I've been considering other options and the one that seems most likely is this. I started to get depressed right around the same time I began taking probiotics. I had been taking probiotics before, but I stopped for the month. I've also been taking prebiotics which some people say can make probiotics significantly more effective. I've heard that probiotics can cause a herx/die-off/Herxheimer effect in some people. And then some people experience depression from herx caused by antibiotics, antifungals, probiotics, antivirals, etc. I'm 98% sure I have Lyme disease so I was if when I started taking the probiotics if they triggered some kind of reaction in my body which is now fighting something. I'm also taking a few supplements for the immune system, but I'm not sure how they work. I've noticed when I've taken Pau D'Arco tea I've sometimes been depressed or moody, but it passed relatively quickly that I can't be sure if it was caused by that or not. I'd like to know
1. Is any of this possible?
2. Why is it happening?
3. What can I do about it?

Yes, I believe staring probiotics does cause a great deal of discomfort, including depression, flu-like symptoms, joint pain and even fever and upper respiratory stress. It is happening to me right now and I'm sure it's the probiotics. I'll continue because it should stop within a couple of weeks. If it doesn't subside, I'll just stop or cut down the dose to a quarter.

 

[digital dog]

Could it be that your antidepressants have stopped working? If you have been on different antidepressants for 15 years you may find that you are encountering this.
Sorry, not what you want to hear but these drugs do not work indefinitely.
Probiotics can definitely cause depression though.

 

[heapsreal]

Alot of serotonin is made in the gut, so I wonder if changing gut environment can change serotonin metabolism in some way.

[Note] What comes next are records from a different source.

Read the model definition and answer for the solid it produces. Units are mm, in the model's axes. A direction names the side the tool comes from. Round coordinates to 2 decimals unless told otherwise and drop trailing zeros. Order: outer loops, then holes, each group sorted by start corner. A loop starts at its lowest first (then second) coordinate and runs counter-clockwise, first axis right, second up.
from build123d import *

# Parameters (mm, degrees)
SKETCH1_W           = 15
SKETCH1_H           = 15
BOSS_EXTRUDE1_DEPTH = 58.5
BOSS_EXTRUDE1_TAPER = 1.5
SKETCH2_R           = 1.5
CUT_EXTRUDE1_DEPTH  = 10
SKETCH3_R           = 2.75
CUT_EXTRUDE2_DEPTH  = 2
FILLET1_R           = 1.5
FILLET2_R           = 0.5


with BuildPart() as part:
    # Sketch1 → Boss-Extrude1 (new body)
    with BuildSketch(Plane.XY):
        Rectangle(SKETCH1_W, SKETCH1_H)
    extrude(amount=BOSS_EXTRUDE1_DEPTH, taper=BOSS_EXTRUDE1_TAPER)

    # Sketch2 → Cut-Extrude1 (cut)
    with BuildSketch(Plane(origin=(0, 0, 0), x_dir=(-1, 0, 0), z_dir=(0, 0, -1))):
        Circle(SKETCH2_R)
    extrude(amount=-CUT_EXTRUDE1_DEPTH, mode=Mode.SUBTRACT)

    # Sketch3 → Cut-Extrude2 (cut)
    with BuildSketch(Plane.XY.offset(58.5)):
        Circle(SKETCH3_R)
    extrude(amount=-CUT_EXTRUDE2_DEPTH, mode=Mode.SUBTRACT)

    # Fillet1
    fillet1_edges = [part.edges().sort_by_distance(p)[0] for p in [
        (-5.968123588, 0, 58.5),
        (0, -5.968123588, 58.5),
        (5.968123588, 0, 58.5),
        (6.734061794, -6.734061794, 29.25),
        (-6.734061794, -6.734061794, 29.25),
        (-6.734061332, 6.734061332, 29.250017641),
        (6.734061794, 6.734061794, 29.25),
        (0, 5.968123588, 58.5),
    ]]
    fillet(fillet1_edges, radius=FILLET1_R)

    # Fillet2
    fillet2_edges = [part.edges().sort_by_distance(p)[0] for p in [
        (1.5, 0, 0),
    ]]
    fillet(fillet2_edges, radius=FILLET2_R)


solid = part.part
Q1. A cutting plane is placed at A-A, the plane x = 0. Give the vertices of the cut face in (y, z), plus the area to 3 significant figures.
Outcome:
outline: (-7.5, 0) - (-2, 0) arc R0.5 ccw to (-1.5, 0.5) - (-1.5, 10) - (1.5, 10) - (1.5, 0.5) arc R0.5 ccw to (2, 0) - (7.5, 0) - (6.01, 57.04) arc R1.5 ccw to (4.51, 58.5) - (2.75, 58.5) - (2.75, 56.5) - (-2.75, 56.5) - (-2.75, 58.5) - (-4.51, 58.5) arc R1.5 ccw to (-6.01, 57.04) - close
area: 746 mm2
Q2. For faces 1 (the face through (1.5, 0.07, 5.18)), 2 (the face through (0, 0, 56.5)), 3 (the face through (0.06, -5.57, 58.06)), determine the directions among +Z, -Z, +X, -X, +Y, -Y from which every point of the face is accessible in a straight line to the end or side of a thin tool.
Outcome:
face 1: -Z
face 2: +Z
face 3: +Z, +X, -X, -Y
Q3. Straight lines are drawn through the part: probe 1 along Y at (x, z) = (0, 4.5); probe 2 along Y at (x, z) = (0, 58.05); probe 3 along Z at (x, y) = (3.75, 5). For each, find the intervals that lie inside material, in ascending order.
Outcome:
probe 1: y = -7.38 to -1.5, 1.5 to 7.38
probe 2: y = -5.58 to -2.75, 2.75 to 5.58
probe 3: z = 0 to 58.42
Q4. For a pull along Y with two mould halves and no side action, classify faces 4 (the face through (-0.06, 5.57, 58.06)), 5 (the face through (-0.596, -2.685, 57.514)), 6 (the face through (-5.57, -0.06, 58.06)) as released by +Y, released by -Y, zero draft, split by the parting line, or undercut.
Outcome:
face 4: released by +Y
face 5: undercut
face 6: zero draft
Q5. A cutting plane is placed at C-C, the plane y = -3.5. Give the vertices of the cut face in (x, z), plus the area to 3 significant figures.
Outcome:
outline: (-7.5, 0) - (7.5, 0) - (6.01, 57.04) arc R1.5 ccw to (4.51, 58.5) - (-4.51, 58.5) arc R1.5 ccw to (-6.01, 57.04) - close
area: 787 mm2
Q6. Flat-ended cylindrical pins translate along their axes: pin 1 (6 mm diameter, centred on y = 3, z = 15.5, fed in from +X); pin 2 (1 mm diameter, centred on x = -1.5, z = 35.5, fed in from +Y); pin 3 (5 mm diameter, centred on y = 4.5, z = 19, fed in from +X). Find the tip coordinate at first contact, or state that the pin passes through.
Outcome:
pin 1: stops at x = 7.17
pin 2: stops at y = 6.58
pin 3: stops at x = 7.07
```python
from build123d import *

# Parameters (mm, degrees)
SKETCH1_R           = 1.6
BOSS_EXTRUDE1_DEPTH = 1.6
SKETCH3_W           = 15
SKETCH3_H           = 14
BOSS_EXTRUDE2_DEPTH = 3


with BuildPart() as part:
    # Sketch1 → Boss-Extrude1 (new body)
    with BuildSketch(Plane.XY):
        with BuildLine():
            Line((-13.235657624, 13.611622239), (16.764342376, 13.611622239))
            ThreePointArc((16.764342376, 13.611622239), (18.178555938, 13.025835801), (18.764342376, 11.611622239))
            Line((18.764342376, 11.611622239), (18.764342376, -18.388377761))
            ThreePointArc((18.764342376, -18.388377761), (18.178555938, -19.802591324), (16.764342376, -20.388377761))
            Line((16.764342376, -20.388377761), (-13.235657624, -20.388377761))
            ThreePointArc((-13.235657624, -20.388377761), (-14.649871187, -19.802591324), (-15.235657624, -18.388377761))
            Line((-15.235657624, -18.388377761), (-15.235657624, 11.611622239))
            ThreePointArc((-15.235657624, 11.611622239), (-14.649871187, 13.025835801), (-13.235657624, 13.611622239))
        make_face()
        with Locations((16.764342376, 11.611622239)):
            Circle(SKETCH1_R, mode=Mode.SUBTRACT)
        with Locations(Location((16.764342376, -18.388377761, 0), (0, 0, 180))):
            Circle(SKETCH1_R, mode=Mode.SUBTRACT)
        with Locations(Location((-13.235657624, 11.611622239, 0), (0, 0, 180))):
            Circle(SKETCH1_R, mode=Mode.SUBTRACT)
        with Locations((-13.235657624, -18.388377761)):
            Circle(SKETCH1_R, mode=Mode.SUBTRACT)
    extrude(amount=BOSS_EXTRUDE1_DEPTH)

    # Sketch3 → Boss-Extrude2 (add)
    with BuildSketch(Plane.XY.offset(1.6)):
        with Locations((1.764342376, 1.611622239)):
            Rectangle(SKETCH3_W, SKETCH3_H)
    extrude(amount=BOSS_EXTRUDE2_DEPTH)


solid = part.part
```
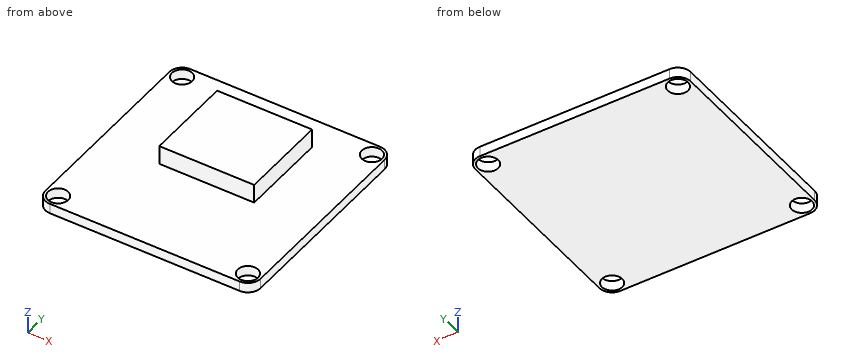
For this review, take the finished solid that the model builds, in its own axes (mm). Coordinates: 2 decimals unless noted, no trailing zeros. Order: outer loops, then holes, each group sorted by start corner. A loop starts at its lowest first (then second) coordinate and runs counter-clockwise, first axis right, second up. Notation, with made-up numbers: (-39.5, 4.5) -> (18.5, 4.5) arc R32 ccw to (18.5, 43.5) -> close; hole circle Ø9 at (72.5, 20). An arc over 180 degrees is marked (long way). Answer as CSV lines item,"result".
Q1. We need section C-C (y = 2). State the section outline as (x, z) points.
Model answer:
outline,"(-15.24, 0) -> (18.76, 0) -> (18.76, 1.6) -> (9.26, 1.6) -> (9.26, 4.6) -> (-5.74, 4.6) -> (-5.74, 1.6) -> (-15.24, 1.6) -> close"
Q2. We need section A-A (z = 0.75). State the section outline as (x, y) points.
Model answer:
outline,"(-15.24, -18.39) arc R2 ccw to (-13.24, -20.39) -> (16.76, -20.39) arc R2 ccw to (18.76, -18.39) -> (18.76, 11.61) arc R2 ccw to (16.76, 13.61) -> (-13.24, 13.61) arc R2 ccw to (-15.24, 11.61) -> close; hole circle Ø3.2 at (-13.24, -18.39); hole circle Ø3.2 at (-13.24, 11.61); hole circle Ø3.2 at (16.76, -18.39); hole circle Ø3.2 at (16.76, 11.61)"
Q3. We need section B-B (x = -12.5). State the section outline as (y, z) points.
Model answer:
outline,"(-20.39, 0) -> (-19.81, 0) -> (-19.81, 1.6) -> (-20.39, 1.6) -> close; (-16.97, 0) -> (10.19, 0) -> (10.19, 1.6) -> (-16.97, 1.6) -> close; (13.03, 0) -> (13.61, 0) -> (13.61, 1.6) -> (13.03, 1.6) -> close"
Q4. We need section D-D (x = 5). State the section outline as (y, z) points, plus the area to 3 significant figures.
Model answer:
outline,"(-20.39, 0) -> (13.61, 0) -> (13.61, 1.6) -> (8.61, 1.6) -> (8.61, 4.6) -> (-5.39, 4.6) -> (-5.39, 1.6) -> (-20.39, 1.6) -> close"
area,"96.4 mm2"
Q5. Wall thickness on line 1 along X through (y, z) = (-18, 0.55); line 2 along Z through (x, y) = (-13, -14.5); line 3 along Y through (x, z) = (0.5, 3.8): over which ranges is each line inside the solid? List them lowest first. Write a range as [from, to].
Model answer:
line 1,"x = [-15.24, -14.79], [-11.68, 15.21], [18.32, 18.76]"
line 2,"z = [0, 1.6]"
line 3,"y = [-5.39, 8.61]"
Q6. Clearance check with flat-ended pins moving along their axes: pin 1 Ø1 at (y, z) = (-1, 3) entering from +X; pin 2 Ø5 at (x, y) = (-13.24, 11.61) entering from +Z; pin 3 Ø0.9 at (x, z) = (0.5, 3) entering from +Y. State where each tip first meets the part, or that it passes through.
Model answer:
pin 1,"stops at x = 9.26"
pin 2,"stops at z = 1.6"
pin 3,"stops at y = 8.61"

I recently had some candida and mood was getting low. Treating this with antifungals and probiotics has improved my mood not just candida symptoms , so its made me wonder about serotonin/gut relationship???

 

[Violeta]

Reishi might be a better choice for working on the gut when probiotics cause side effects, because it also is antiviral and an antibacteriostat

http://www.ncbi.nlm.nih.gov/pubmed/24940906

Besides being antiviral and antifungal, it comes with it's own antioxidants to deal with oxidative stress.

http://www.ncbi.nlm.nih.gov/pubmed/20214017

 

[Gondwanaland]

I am glad this thread got bumped up. Yesterday my husband took S. boulardii at bed time and today he is feeling "the whole burden of the world on his shoulders".

Reishi might be a better choice for working on the gut when probiotics cause side effects

He has FODMAPs problems and can't tolerate mushrooms... I think I will follow one of Hip's suggestions above. Chocolate!

 

[lch1]

After years of back and forth with unfounded depression (I am NOT a depressed person--I am excited and interested in the world!), I finally found the answer. On and off of zoloft over the years, I decided I could not STAND the see-saw effects of those medications. I asked for Wellbutrin and secretly started taking a QUARTER OF A 75 MG TAB each day. That amount is laughable to psychiatrists. However, it works! It has worked for well over a year now. What that does is give me just enough boost of serotonin without overwhelming me. Also, I fortunately have found a doctor who was willing to go along with this hairbrained idea, and he admits we are on to something! Taking more and more, and full doses of antidepressants puts you in a place where you have way too much. So, I hope some people are helped by this post. Just a wee bit each day (and I do miss one or two days a week, not more) will do the trick.

 

[outdamnspot]

I was wondering if anyone else has experienced depression with gut treatments? Is this just part of the initial immune activation?

My depression is severe anyway (endogenous, plus having CFS is depressing). I started Symbioflor (e coli probiotic) last night and feel horrible today; just empty and constantly on the verge of tears.